Run through the records and show each line that includes the string "Kamer".

= = = =

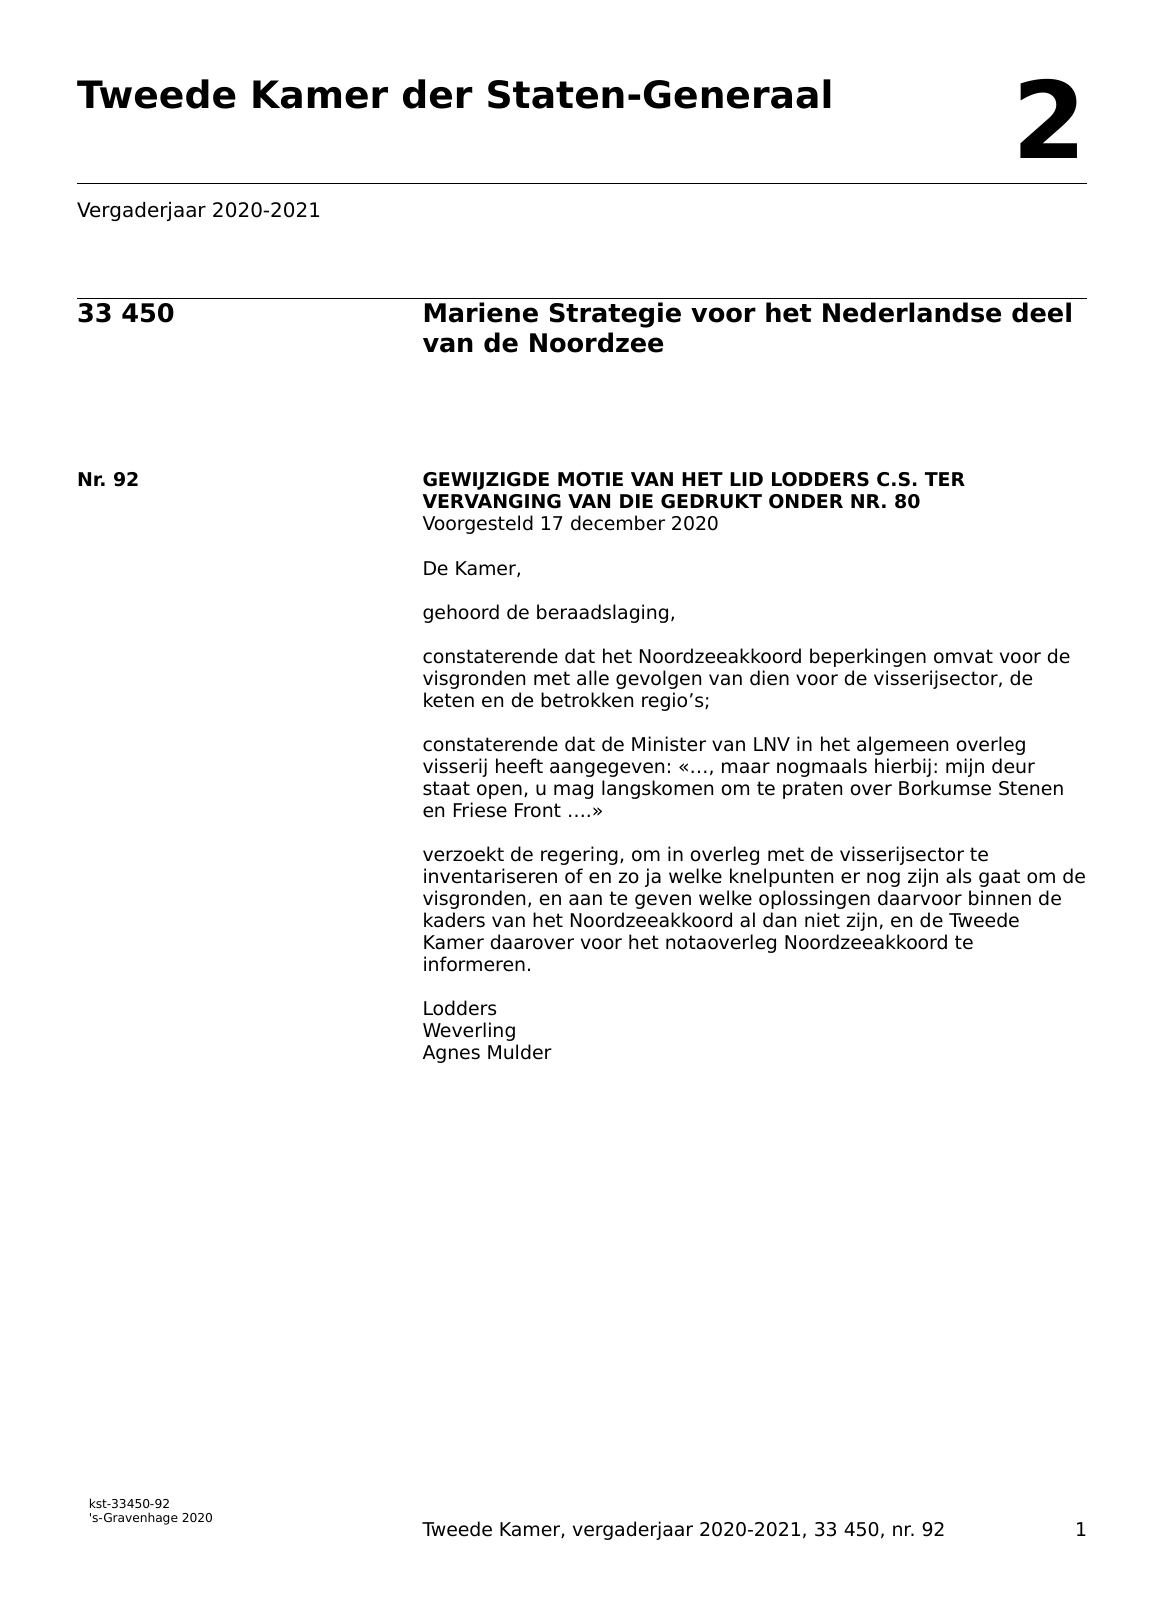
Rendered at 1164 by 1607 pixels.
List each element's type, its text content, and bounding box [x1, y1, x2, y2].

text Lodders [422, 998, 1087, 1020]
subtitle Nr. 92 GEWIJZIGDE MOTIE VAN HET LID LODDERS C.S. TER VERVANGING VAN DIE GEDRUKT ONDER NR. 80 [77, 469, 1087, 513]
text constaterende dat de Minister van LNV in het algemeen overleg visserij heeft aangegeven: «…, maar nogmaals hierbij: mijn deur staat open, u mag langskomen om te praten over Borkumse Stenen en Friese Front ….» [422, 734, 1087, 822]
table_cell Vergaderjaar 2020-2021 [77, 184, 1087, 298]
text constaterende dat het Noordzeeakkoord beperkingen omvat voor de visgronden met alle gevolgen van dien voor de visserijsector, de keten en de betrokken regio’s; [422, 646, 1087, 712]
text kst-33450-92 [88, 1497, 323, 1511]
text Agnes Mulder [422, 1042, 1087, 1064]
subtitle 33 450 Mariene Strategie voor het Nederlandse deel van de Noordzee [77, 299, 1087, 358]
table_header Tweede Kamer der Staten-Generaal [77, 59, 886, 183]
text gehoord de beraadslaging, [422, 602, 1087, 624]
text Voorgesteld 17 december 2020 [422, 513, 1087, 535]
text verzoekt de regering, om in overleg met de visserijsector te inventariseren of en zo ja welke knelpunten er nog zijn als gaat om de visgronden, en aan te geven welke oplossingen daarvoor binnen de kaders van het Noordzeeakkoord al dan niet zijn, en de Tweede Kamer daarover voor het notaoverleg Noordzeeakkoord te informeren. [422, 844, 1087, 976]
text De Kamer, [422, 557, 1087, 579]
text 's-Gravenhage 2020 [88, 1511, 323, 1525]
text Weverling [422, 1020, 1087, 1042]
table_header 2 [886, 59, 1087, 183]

= = = =

Written answer
table_header Tweede Kamer der Staten-Generaal [77, 59, 886, 183]
text verzoekt de regering, om in overleg met de visserijsector te inventariseren of en zo ja welke knelpunten er nog zijn als gaat om de visgronden, en aan te geven welke oplossingen daarvoor binnen de kaders van het Noordzeeakkoord al dan niet zijn, en de Tweede Kamer daarover voor het notaoverleg Noordzeeakkoord te informeren. [422, 844, 1087, 976]
text De Kamer, [422, 557, 1087, 579]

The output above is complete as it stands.